A Woman Delivered Some Incredible Burns At A Police Town Hall, And Now She's Gone Viral

Keiajah "KJ" Brooks told BuzzFeed News the attention and support she has received since the clip went viral will allow her to work full time as a community organizer and activist.

A video of a Missouri activist's incendiary address to the Kansas City Board of Police Commissioners this week has been viewed more than 9 million times in two days — and changed the life of the woman who delivered the remarks.

Keiajah "KJ" Brooks, 20, told BuzzFeed News that the attention and support she has received since the clip went viral will allow her to work full time as a community organizer and activist.

"I know a lot of people from the outside looking in might say, 'Oh, she quit her job for 15 minutes of fame' — but if you know me, you'd know that this is what I've wanted to do: deep, intentional grassroots work," she said.

Brooks is a leader in the Kansas City Black Lives Matter movement and cofounder of the Chingona Collective, "a multicultural, queer-inclusive, intersectional organization led by Black, Indigenous, and Latinx women who live lives dedicated to the liberation of our peoples domestically and abroad."

She told BuzzFeed News that she signed up to deliver remarks at Tuesday's police commissioners board meeting on behalf of "all the Black people who have been terrorized by the [Kansas City Police Department]" and described the board's members as being complicit "in the brutalization and murder of Black people in Kansas City."

According to data from the Mapping Police Violence project, Kansas City has the 10th highest rate of police killings of any city in the United States.

Police Chief Rick Smith has come under fire for his department's handlings of the protests that erupted in the city over the summer following the police killings of George Floyd and Breonna Taylor.

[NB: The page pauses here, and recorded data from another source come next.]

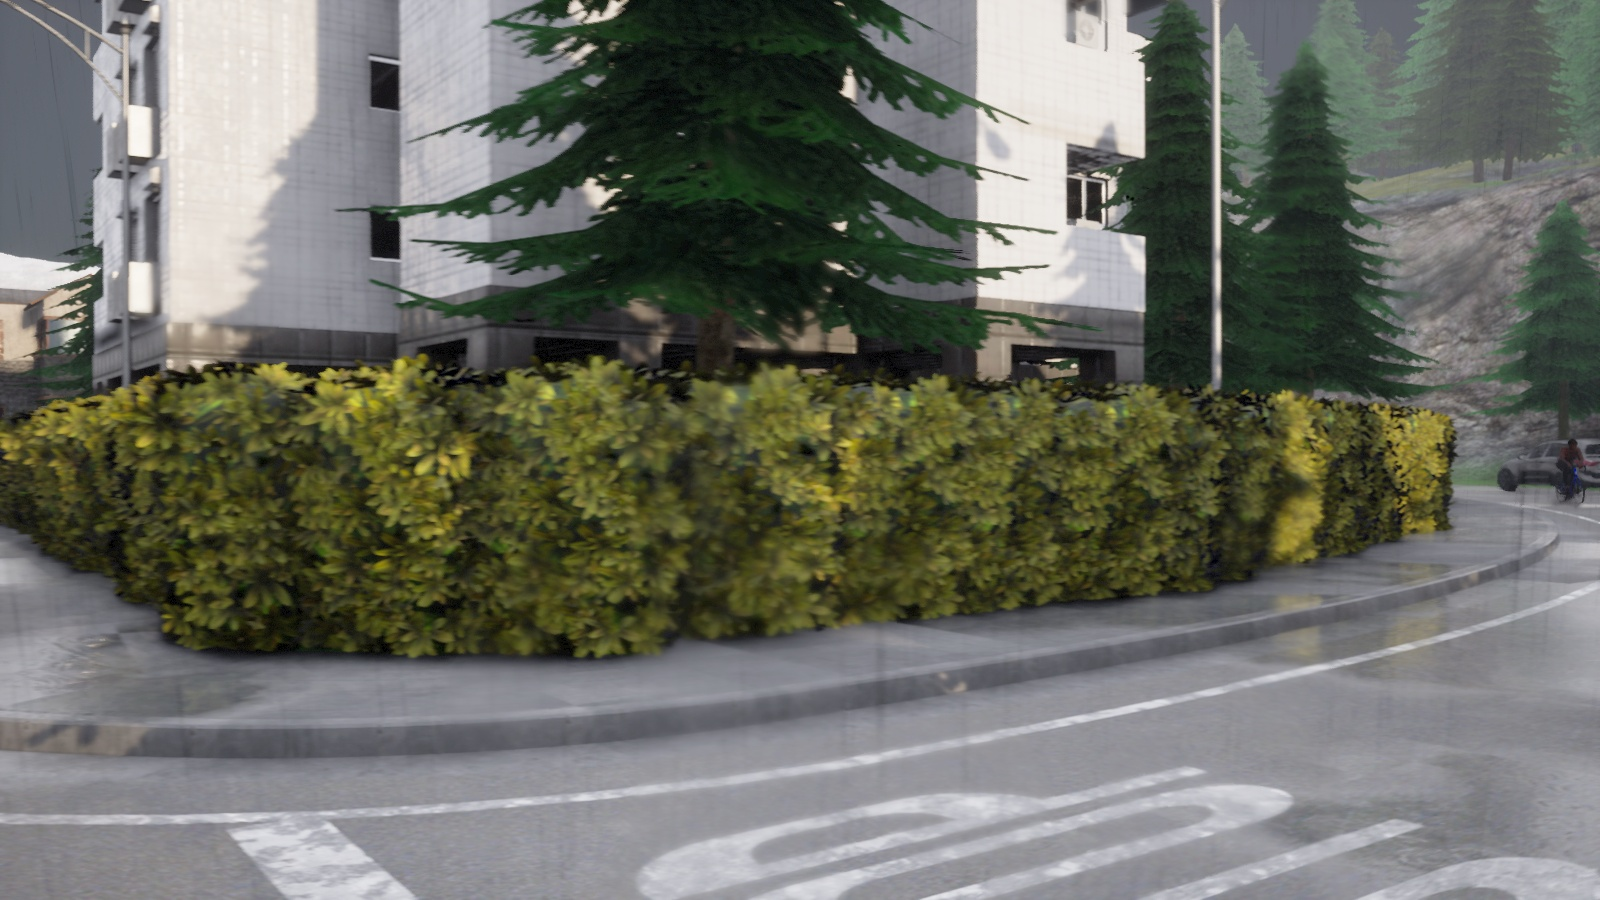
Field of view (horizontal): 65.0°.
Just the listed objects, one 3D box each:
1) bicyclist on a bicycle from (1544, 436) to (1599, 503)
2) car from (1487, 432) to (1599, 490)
[{"bbox_3d":[19.347,0.469,31.534,0.582,1.620,1.656,-1,0,10],"label":"bicyclist on a bicycle"},{"bbox_3d":[23.356,0.310,38.302,2.242,1.667,4.611,0,0,-1],"label":"car"}]
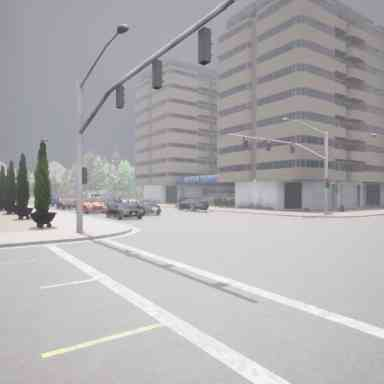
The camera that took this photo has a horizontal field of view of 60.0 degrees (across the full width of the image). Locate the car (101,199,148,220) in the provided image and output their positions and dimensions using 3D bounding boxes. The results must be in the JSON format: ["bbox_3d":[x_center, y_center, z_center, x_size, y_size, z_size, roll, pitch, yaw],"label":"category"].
[{"bbox_3d":[-5.811,1.564,28.252,1.994,1.385,4.181,0,0,-35],"label":"car"}]

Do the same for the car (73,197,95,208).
[{"bbox_3d":[-15.964,1.505,49.028,1.837,1.490,4.892,0,0,-34],"label":"car"}]

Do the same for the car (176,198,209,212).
[{"bbox_3d":[-0.032,1.491,38.687,2.128,1.511,4.902,0,0,-35],"label":"car"}]

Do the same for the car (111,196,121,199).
[{"bbox_3d":[-10.078,1.505,40.532,1.837,1.490,4.892,0,0,-35],"label":"car"}]

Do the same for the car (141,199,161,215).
[{"bbox_3d":[-4.834,1.492,32.975,2.128,1.511,4.902,0,0,-35],"label":"car"}]

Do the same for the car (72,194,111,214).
[{"bbox_3d":[-10.767,1.352,35.386,2.097,1.767,4.553,0,0,-35],"label":"car"}]

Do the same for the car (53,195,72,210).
[{"bbox_3d":[-16.405,1.526,43.520,1.812,1.442,4.674,0,0,-35],"label":"car"}]

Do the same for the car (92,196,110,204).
[{"bbox_3d":[-17.472,1.505,63.783,1.837,1.490,4.892,0,0,-34],"label":"car"}]
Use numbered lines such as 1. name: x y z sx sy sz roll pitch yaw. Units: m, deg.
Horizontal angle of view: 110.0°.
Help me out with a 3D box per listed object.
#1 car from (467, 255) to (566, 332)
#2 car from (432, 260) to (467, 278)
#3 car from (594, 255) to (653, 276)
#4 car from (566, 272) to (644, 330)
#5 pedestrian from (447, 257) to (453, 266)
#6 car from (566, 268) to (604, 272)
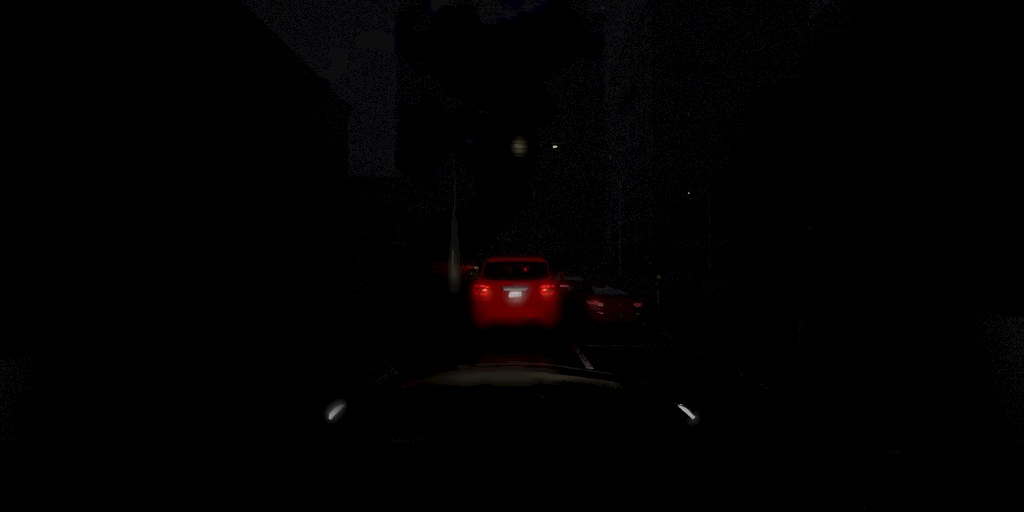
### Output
1. car: 0.123 0.981 10.994 2.150 2.045 5.566 0 0 1
2. car: -4.842 1.146 32.610 4.553 1.767 2.097 -1 -1 0
3. car: 10.929 0.922 35.446 5.566 2.045 2.150 -1 -1 0
4. car: 2.667 1.339 10.933 1.802 1.307 4.207 0 0 0
5. pedestrian: -6.701 1.072 38.487 0.375 1.860 0.375 0 -1 0
6. car: 2.686 1.345 16.372 1.802 1.307 4.207 0 0 0
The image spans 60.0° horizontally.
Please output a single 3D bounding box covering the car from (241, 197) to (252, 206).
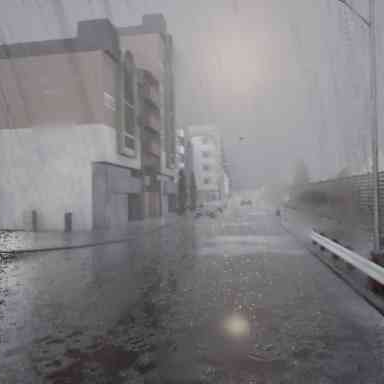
[{"bbox_3d":[10.500,1.775,64.240,2.097,1.767,4.553,-1,-1,9],"label":"car"}]

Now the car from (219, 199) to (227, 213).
[{"bbox_3d":[3.051,1.839,43.104,1.882,1.535,5.008,-1,-1,9],"label":"car"}]

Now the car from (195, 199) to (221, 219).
[{"bbox_3d":[1.458,1.799,32.995,1.837,1.490,4.892,-1,-1,9],"label":"car"}]
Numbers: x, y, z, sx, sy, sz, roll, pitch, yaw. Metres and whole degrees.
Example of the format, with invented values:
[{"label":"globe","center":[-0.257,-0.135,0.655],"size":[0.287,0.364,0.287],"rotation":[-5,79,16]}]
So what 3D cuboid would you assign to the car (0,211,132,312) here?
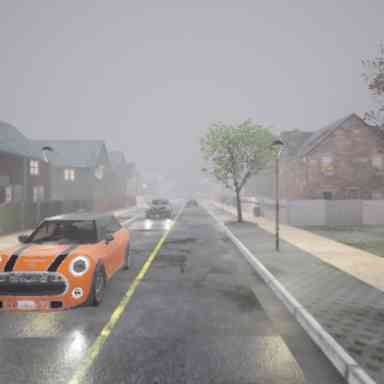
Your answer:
[{"label":"car","center":[-2.826,1.337,7.938],"size":[2.097,1.767,4.553],"rotation":[0,0,0]}]

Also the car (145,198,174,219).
[{"label":"car","center":[-2.759,1.345,28.992],"size":[2.097,1.767,4.553],"rotation":[0,0,0]}]

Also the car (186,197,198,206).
[{"label":"car","center":[0.009,1.595,59.110],"size":[2.128,1.511,4.902],"rotation":[0,0,0]}]

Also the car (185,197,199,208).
[{"label":"car","center":[0.009,1.547,48.860],"size":[2.128,1.511,4.902],"rotation":[0,0,0]}]
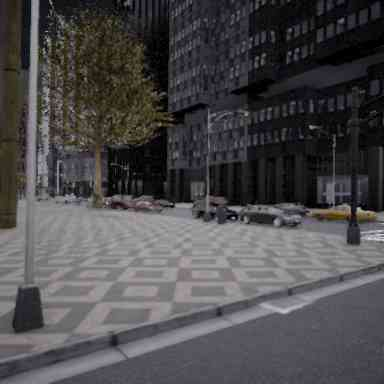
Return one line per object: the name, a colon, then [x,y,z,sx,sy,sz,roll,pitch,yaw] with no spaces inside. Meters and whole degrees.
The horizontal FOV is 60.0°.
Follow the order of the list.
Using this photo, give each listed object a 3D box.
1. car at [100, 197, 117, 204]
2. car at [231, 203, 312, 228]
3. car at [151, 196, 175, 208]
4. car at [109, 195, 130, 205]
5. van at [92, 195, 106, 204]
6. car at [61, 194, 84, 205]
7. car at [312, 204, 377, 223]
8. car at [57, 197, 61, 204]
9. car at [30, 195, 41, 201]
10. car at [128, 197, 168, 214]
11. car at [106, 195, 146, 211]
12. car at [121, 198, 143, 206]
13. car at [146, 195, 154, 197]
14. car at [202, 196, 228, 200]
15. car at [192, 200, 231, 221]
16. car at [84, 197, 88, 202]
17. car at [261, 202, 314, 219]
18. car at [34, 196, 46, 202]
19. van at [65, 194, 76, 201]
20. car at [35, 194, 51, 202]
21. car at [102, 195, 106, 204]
car: [-16.744,1.706,66.507,1.887,1.381,4.507,1,-1,-35]
car: [4.892,1.473,21.043,2.008,1.369,4.403,1,-1,-35]
car: [-4.035,1.692,48.487,1.947,1.339,4.313,1,-1,-35]
car: [-13.563,1.468,62.004,2.192,1.841,5.009,1,-1,-35]
van: [-19.918,1.512,71.014,1.690,1.788,3.998,1,-1,-35]
car: [-20.527,1.427,57.086,1.967,1.590,4.097,1,-1,-35]
car: [11.755,1.614,26.103,1.752,1.417,4.829,1,-1,-35]
car: [-23.608,1.521,61.451,1.752,1.417,4.829,1,-1,-35]
car: [-39.497,1.567,83.977,1.752,1.417,4.829,1,-1,-35]
car: [-4.641,1.527,34.558,1.802,1.307,4.206,1,-1,-35]
car: [-7.815,1.268,39.067,2.192,1.841,5.009,1,-1,-35]
car: [-10.389,1.689,57.497,1.887,1.381,4.507,1,-1,-35]
car: [-7.209,1.450,52.995,2.192,1.841,5.009,1,-1,-35]
car: [2.323,1.425,39.480,2.192,1.841,5.009,1,-1,-35]
car: [1.714,1.496,25.548,1.947,1.339,4.313,1,-1,-35]
car: [-26.276,1.755,80.021,1.947,1.339,4.313,1,-1,-35]
car: [8.675,1.646,30.468,2.008,1.369,4.403,1,-1,-35]
car: [-36.417,1.584,79.611,2.008,1.369,4.403,1,-1,-35]
van: [-32.628,1.549,89.033,1.690,1.788,3.998,1,-1,-35]
car: [-33.237,1.339,75.108,2.192,1.841,5.009,1,-1,-35]
car: [-10.994,1.401,43.570,1.967,1.590,4.097,1,-1,-35]

The KCPD has also been criticized for a lack of transparency and accountability after three Black men — Ryan Stokes, Terrance Bridges, and Donnie Sanders — were killed by police in recent years.

Brooks began her fiery remarks in the video by warning the board members, "Fair warning: I’m not nice and I don’t seek to be respectable."

"I’m not here begging anything of soulless white folks and self-preserving Black folks," she continues in the video. "You get one life, and you all — every one of you in this room — have chosen profits over people, and that's pathetic.

"So I’m going to spend the next two minutes reading y'all for filth, something I’m sure no one has ever done."

Brooks then went on to call out the board's individual members in very personal terms.

Board President Don Wagner was described as an "out-of-touch and disconnected old white person with nothing but pure apathy seeping through the bulging veins of his paper-colored skin."

Voting member Nathan Garrett was referred to as "the gentleman in the vomit-colored Men’s Wearhouse suit ... who exudes white privilege and is the epitome of mediocrity."

(Members of the Kansas City Board of Police Commissioners did not respond to a request for comment from BuzzFeed News.)

A recording of Brooks's remarks was posted on Twitter on Tuesday night and quickly went viral.

She did not just clear these police commission board members. She demolished, devoured, and extinguished them. I have never seen a better KO in my entire life 😭😭😭😭 https://t.co/nKRiNse6zX

This is an art. The videos of black people showing up for government meetings and confronting their local leaders underappreciated genre that has emerged this year. Voting is not the only way to make your voice heard. Confrontation is necessary for the democratic process. https://t.co/h26ZafkfTR

Brooks told BuzzFeed News that all of the speakers before her "were very proper, [saying], 'Good morning, thank you for this opportunity to speak.'

"I don't seek to be respectable. I don't want to be your friend. I'm not here to make you comfortable. I'm here to call you out."

She added, "I think killing people is mean. Words permeate air. Bullets permeate people.

"I will never be fearful of calling people to the carpet, holding people accountable for what they do or say. Nobody is ever going to be able to buy my silence or my complicity."